Lola On Free Improvisation

"... and from practising all those things, when you get musicians that are at this caliber, at such a high caliber, like RaKaLam (Moses) and Matt Langley and Wes Brown, it's so easy ... they put something out there and you respond off of what they're doing. So Simon, you said something about the response that was going on, and that's exactly what's happening. I mean, for me when I'm listening to these players and being inside of the music, there are four individual and equal voices and I'm just speaking to these other players and they're speaking to me and we're responding and not responding off of each other."

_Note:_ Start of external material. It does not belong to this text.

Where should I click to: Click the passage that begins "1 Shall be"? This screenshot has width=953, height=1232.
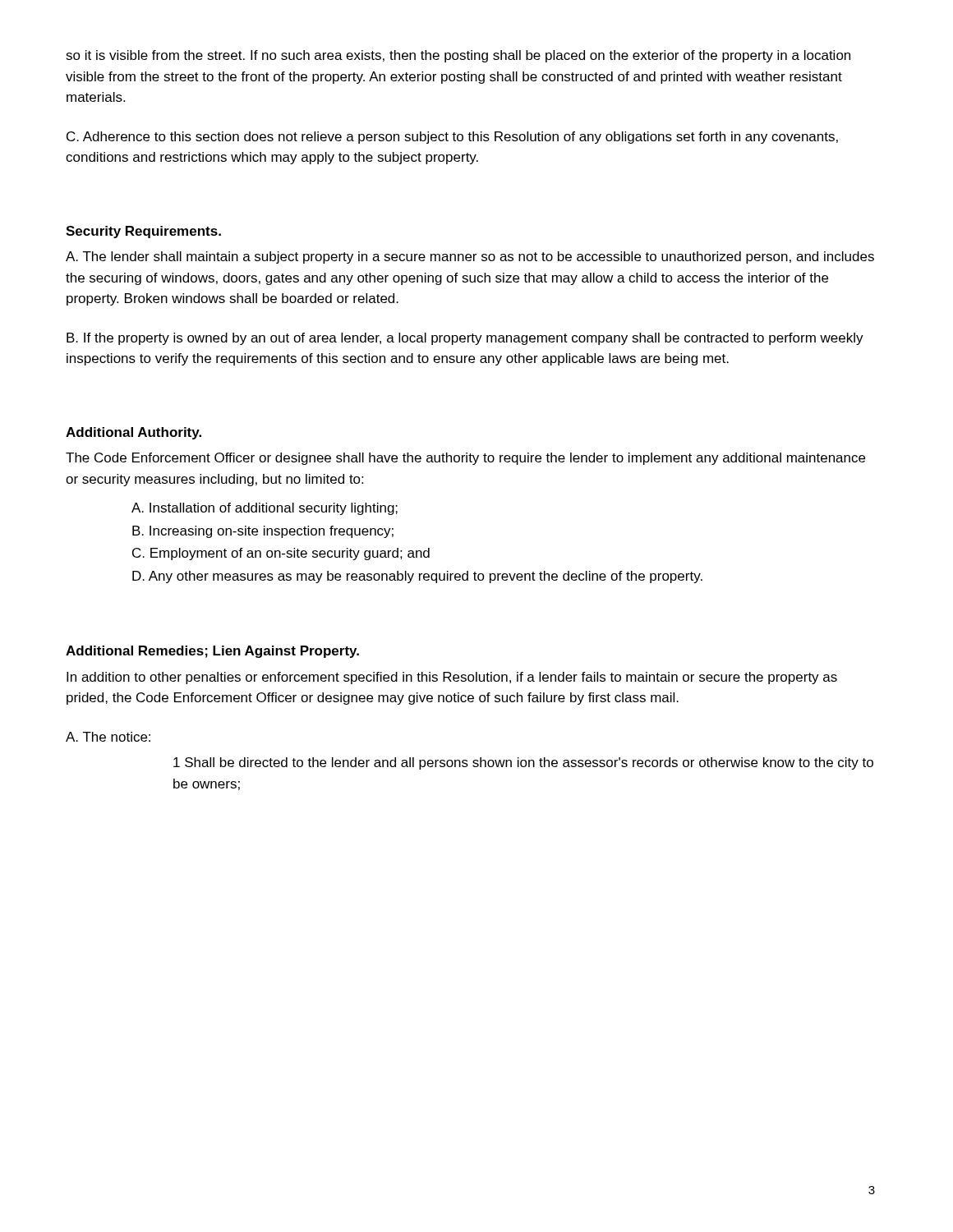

What about singing in different keys?

"You know I don't even know because I'm not even thinking in those terms ... but this music, you know it transcends paper. It's not about that. I just like the different transitions ... it goes through that we're creating together.  We're composing together in the moment.  No one is thinking about what key to play in … it's another type of playing …  it's another type of hearing".

Did she give the others signals at all? 

"No I don't give any signals. The signals that I give are with my voice, and these musicians, because they know how to hear ... I mean, there is a very important element of hearing in this type of music. Because I don't deal with pre-planned forms or compositions, it's all about hearing, so it's about hearing and accepting the player as they are. With these guys I am not trying to tell them, 'Hey, play this for me so that I can hear this and do that'. I don't do that and I don't like that. They come in, they know that I'm hearing, I'm accepting their playing as it is. I'm not trying to hear something or make it into something else. I just allow those guys to play what they love to play and I'm hearing ... and I choose these players because they're brilliant and sensitive and they understand music." 

gty

"It's about another way of hearing music, it's a different way of listening, so when I'm hearing this music, I just hear the notes, the sounds, and I accept the sounds as they are, and then when you can do that, then you start to hear in a whole different way and it opens up your hearing and you hear behind the note. Because there is a whole concept - I mean just like when you're speaking to someone, the way you speak to a person, you can hear ... you don't even have to know the words they're saying, you can hear from the nuances within their voice … the sudden changes in pitch when they speak. You can hear certain sounds that go beyond verbalisation. So you don't have to actually say it. It just comes out. So that's the same thing with this type of playing."

 

Lola On Singing And The Voice As An Instrument

Who are her influences, as a singer? She mentions Maria Callas, Bjork, Sarah Vaughan, Anita O'Day, Aretha Franklin, Jeanne Lee, and Nina Simone. Danza: "Jeanne Lee is an avant garde jazz singer, really incredible. And she's one of my favorites. She has a great album called <em>Conspiracy<em/> (Earthforms, 1974) and there's another one with her and Ran Blake, a pianist - really great."   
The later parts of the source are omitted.